However, should it not possible to arrange that she would be returning to work with the same restrictions on lifting and carrying that would apply immediately and at that time of the operation she would probably require some 2 to 3 sickness absence and following return a further period of probably 4 to 5 weeks with again limitation in her work until such time as the wound is healed completely internally as well as externally.
Thus, I cannot envisage her being fit to return to unrestricted work for a period of between 9 and 12 months. However, it may be possible to arrange work within her limitations at a much earlier date and I will discuss this matter with her when I next see her."
"I am writing to formally record my concerns of the position I find myself in.
You are aware that I have been diagnosed with Tenosynovitis and are also aware that I have been off work since Friday 16 July 1999. Although I was initially off work with a pain in my wrist the majority of the time I have been off work at your insistence in that and you have refused to allow me to return to work.
I have acted reasonably and have kept you informed from the start. At the end of July I tried to discuss with the two of you my return to work. Whilst I realise I cannot lift or go on the ovens this is in fact only about 10% of my job and I asked if I could return to work without doing these duties until I had my operation. I was told no, in fact I was asked to resign or my employment might be terminated. To further assist I offered to work part-time hours on a temporary basis but again this was refused.
As you are aware the position is further complicated by the fact that I am pregnant which I advised you on 6 September 1999. I say complicated but in fact it occurs to me that if I was in work, as I want to be, whilst pregnant, I would not be lifting or doing oven work.
You have received a letter from my doctor, which supports my view set out above. Please confirm by return that I can return to work otherwise I will have to seek further advice."
"Dear Mr J Pimblett
You will be aware that I went off work on the 16th July 1999 with pain in my wrist. Whilst I accept that at that time the pain was quite bad it did improve considerably and my doctor advised that I could return to work if I did not do heavy lifting or work on the ovens.
At the end of July when I had only been off work for a couple of weeks Janet & Bernie mentioned to me in a meeting that if I was off work for any length of time I would have to resign or I might be dismissed. A couple of weeks later I asked if I could return to work and I offered two solutions, either I could return to work and not do the heavy lifting and oven work (which is only about 10% of my job in any event) or if that was not acceptable I would return to work part time. My doctor agreed that there was no reason why I should not return to work if I did not do heavy lifting and wrote to you advising of this.
Despite this I have not been allowed to return to work which I very much want to do. I have been advised that an operation is likely to help relieve my problem but I discover that I was pregnant in early September.

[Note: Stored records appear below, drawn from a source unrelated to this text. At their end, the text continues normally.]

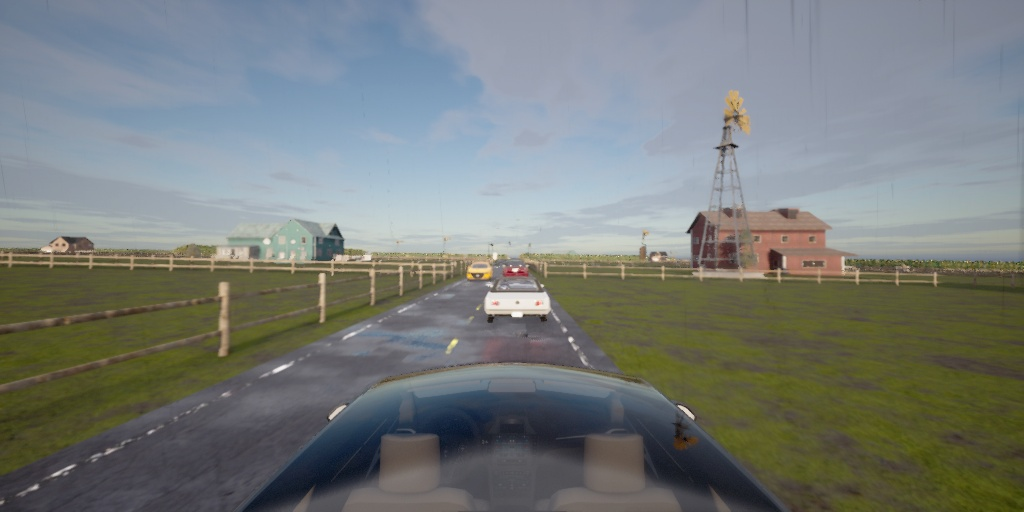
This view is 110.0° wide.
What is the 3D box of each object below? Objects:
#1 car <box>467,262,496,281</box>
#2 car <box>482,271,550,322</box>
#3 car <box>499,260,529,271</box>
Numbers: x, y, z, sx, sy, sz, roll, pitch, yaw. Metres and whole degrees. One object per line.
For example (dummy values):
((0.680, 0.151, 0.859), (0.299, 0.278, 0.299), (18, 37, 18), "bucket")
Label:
((-2.643, 1.265, 30.347), (1.882, 1.535, 5.008), (0, 0, 0), "car")
((0.162, 1.364, 12.333), (1.895, 1.301, 4.718), (0, 0, 0), "car")
((0.297, 1.142, 29.502), (2.097, 1.767, 4.553), (0, 0, 0), "car")
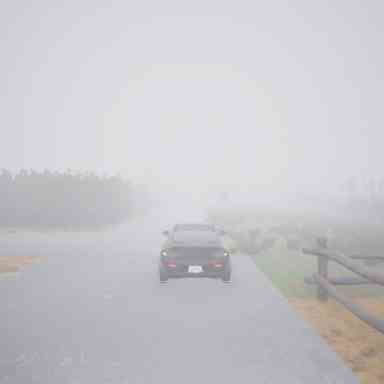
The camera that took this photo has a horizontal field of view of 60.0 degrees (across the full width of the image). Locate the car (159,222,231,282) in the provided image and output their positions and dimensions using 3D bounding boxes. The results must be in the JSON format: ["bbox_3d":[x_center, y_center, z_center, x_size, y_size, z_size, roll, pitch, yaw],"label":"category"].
[{"bbox_3d":[0.076,1.603,9.887,1.812,1.442,4.674,0,0,0],"label":"car"}]
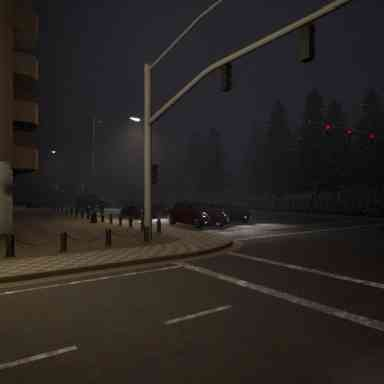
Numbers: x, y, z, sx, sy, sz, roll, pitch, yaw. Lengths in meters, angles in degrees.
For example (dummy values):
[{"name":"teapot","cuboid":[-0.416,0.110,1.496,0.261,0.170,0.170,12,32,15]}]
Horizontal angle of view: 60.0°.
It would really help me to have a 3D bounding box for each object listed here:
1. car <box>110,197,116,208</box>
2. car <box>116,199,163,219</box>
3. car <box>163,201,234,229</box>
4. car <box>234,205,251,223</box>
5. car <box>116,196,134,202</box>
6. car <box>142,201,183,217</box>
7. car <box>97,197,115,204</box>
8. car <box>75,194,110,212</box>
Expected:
[{"name":"car","cuboid":[-12.954,1.656,46.977,1.895,1.301,4.718,0,0,-35]},{"name":"car","cuboid":[-4.733,1.619,29.532,1.994,1.385,4.181,0,0,-36]},{"name":"car","cuboid":[0.316,1.407,22.518,2.097,1.767,4.553,0,0,-36]},{"name":"car","cuboid":[2.394,1.560,25.621,1.837,1.490,4.892,0,0,-36]},{"name":"car","cuboid":[-11.461,1.408,57.183,2.097,1.767,4.553,0,0,-36]},{"name":"car","cuboid":[-3.015,1.656,33.136,1.895,1.301,4.718,0,0,-36]},{"name":"car","cuboid":[-16.723,1.656,64.459,1.895,1.301,4.718,0,0,-36]},{"name":"car","cuboid":[-12.317,1.279,40.071,2.150,2.045,5.566,0,0,-36]}]
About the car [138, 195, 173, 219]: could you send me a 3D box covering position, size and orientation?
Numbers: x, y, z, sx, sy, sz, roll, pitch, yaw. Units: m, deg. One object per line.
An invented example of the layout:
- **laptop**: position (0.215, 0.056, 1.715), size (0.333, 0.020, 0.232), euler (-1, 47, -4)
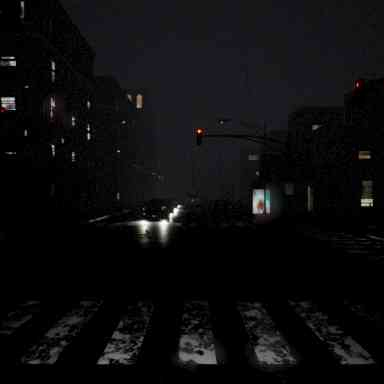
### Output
- **car**: position (-3.081, 1.356, 29.090), size (2.097, 1.767, 4.553), euler (0, 0, 0)

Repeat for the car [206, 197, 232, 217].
- **car**: position (2.704, 1.446, 31.836), size (1.967, 1.590, 4.097), euler (0, 0, 0)

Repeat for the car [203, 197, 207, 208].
- **car**: position (2.712, 1.597, 43.230), size (1.802, 1.307, 4.206), euler (0, 0, 0)

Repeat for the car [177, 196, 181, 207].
- **car**: position (-3.065, 1.621, 48.492), size (1.895, 1.301, 4.718), euler (0, 0, 0)

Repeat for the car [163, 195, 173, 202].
- **car**: position (-5.649, 1.498, 77.402), size (1.967, 1.590, 4.097), euler (0, 0, 0)

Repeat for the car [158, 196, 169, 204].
- **car**: position (-5.655, 1.566, 65.840), size (1.752, 1.417, 4.829), euler (0, 0, 0)

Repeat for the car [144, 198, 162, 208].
- **car**: position (-5.665, 1.572, 48.920), size (2.008, 1.369, 4.403), euler (0, 0, 0)

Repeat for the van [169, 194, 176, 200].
- **van**: position (-5.639, 1.431, 94.493), size (1.690, 1.788, 3.998), euler (-1, 0, 0)

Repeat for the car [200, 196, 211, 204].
- **car**: position (2.726, 1.592, 66.017), size (2.008, 1.369, 4.403), euler (-1, 0, 0)

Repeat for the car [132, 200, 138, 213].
- **car**: position (-5.673, 1.561, 37.526), size (2.008, 1.369, 4.403), euler (0, 0, 0)

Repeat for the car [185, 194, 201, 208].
- **car**: position (0.132, 1.243, 50.065), size (2.150, 2.045, 5.566), euler (0, 0, 0)

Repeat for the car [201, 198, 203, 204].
- **car**: position (2.715, 1.572, 48.927), size (2.008, 1.369, 4.403), euler (0, 0, 0)

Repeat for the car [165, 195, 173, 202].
- **car**: position (-5.645, 1.593, 82.929), size (1.752, 1.417, 4.829), euler (-1, 0, 0)

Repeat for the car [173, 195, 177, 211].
- **car**: position (-3.073, 1.489, 38.209), size (1.882, 1.535, 5.008), euler (0, 0, 0)
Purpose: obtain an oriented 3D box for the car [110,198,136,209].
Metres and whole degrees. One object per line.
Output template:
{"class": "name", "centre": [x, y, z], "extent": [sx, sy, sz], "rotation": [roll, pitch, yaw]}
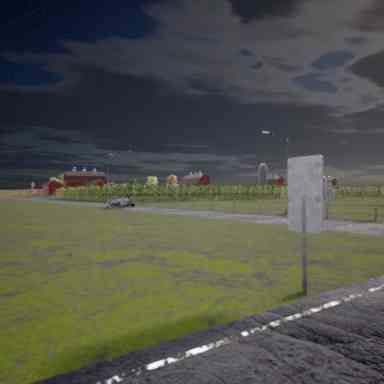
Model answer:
{"class": "car", "centre": [-9.950, 1.577, 47.557], "extent": [2.033, 1.411, 5.357], "rotation": [-1, 0, -35]}
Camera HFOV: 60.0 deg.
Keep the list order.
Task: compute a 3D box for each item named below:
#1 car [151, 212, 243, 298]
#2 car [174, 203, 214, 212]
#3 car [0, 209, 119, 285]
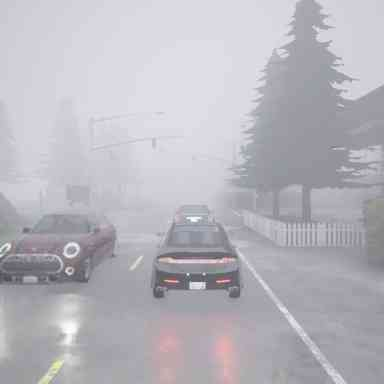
[{"bbox_3d":[0.097,1.492,8.477,2.128,1.511,4.902,0,0,0],"label":"car"},{"bbox_3d":[0.094,1.352,17.631,2.097,1.767,4.553,0,0,0],"label":"car"},{"bbox_3d":[-3.589,1.352,9.634,2.097,1.767,4.553,0,0,0],"label":"car"}]
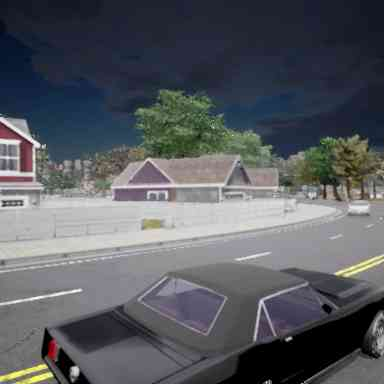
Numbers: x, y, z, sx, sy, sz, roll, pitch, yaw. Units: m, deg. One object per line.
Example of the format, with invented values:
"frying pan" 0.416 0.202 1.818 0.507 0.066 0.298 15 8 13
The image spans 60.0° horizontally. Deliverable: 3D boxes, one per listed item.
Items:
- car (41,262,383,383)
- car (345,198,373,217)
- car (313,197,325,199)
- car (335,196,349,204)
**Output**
"car" 0.798 1.612 4.262 4.718 1.301 1.895 0 0 -38
"car" 16.225 1.574 32.125 1.812 1.442 4.674 0 0 30
"car" 27.410 1.399 72.248 2.128 1.511 4.902 -1 0 4
"car" 30.239 1.490 66.478 2.128 1.511 4.902 -1 0 5
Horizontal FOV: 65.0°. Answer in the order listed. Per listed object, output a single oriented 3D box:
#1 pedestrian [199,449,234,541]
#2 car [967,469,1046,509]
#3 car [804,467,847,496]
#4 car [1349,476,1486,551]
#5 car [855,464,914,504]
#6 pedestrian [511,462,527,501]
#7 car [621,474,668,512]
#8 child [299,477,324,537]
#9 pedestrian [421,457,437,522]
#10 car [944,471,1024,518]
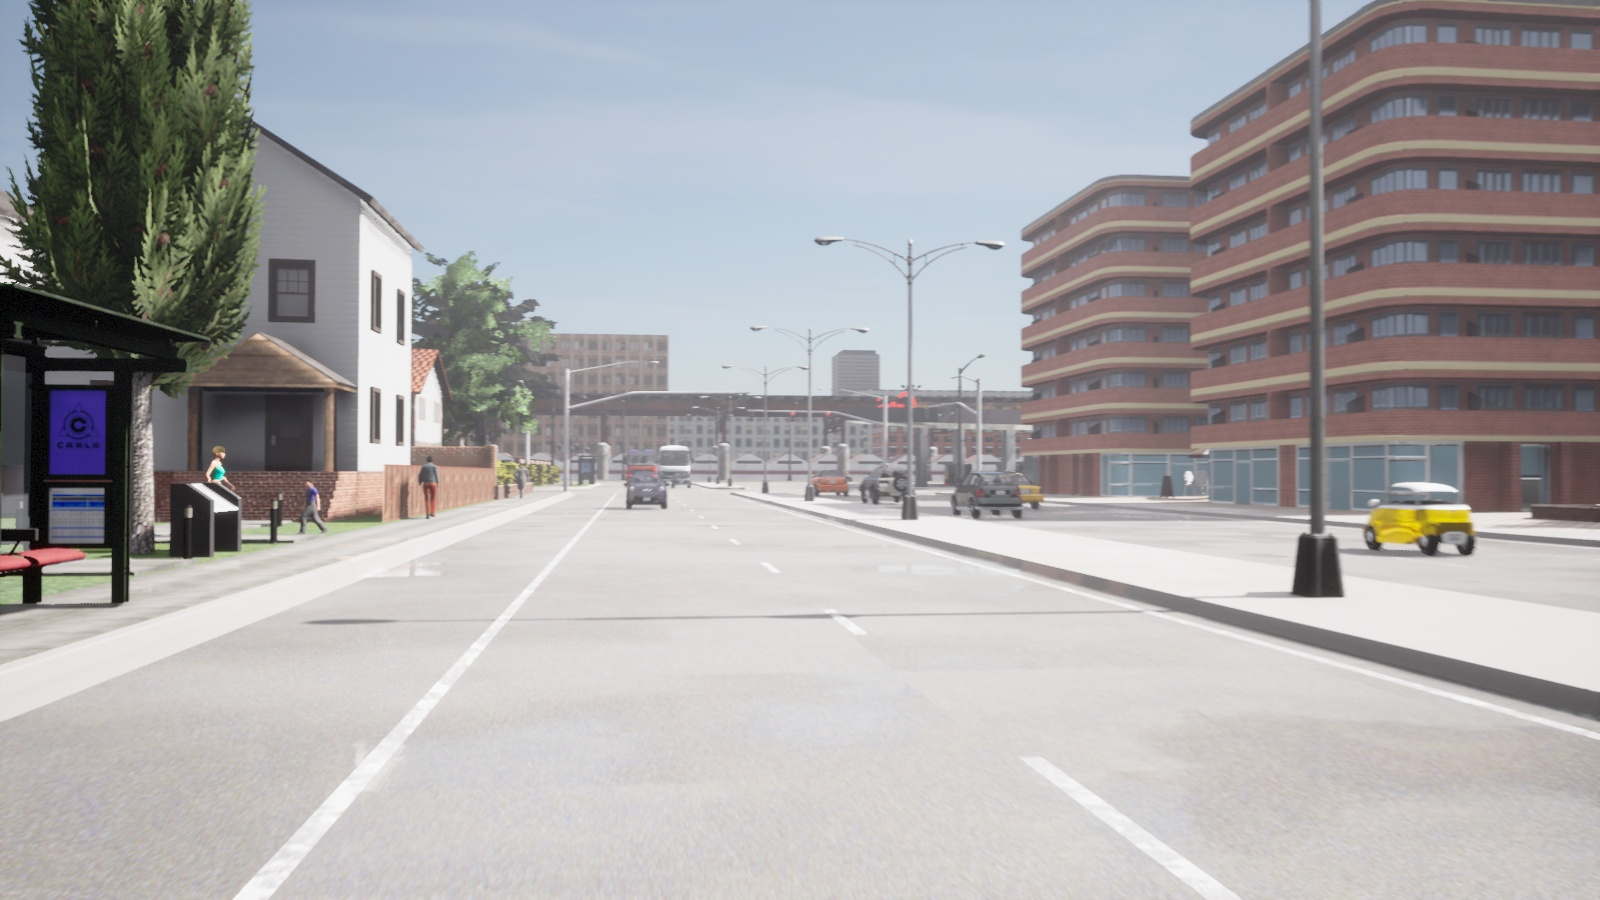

I advised Janet & Bernie of my pregnancy at once, and also of the fact that I can not have the operation whilst I am pregnant. I will be able to have it done after my baby is born which again I advised them of.
Since then I have had numerous meetings with Janet and/or Bernie and have been refused to work on several occasions. On 15th November I wrote to them in a final attempt to sort things out. I met with them both on 22nd November to discuss matters. I explained once again that I wanted to return to work, that I could not have the operation whilst I was pregnant but in any event I felt I could return to work without doing heavy lifting. I pointed out that whilst I was pregnant I would not be doing this anyway and I was told that I would be which I found surprising. I was told that I had not been threatened with termination of my employment which is not true, this has been mentioned on several occasions, with reference to a period of 26 weeks and it was mentioned again at that meeting.
I am now in a position where I want to work but am not being allowed to work and I have hanging over my head to threat that if I do not return to work my employment is likely to be terminated after 26 weeks. I consider this wrong when I want to go back to work and my doctor supports the view that I can. Therefore with regret I have come to the conclusion that because I am not being allowed to return to work and because I no longer have trust and confidence in you as my employer I must, with regret hand in my notice.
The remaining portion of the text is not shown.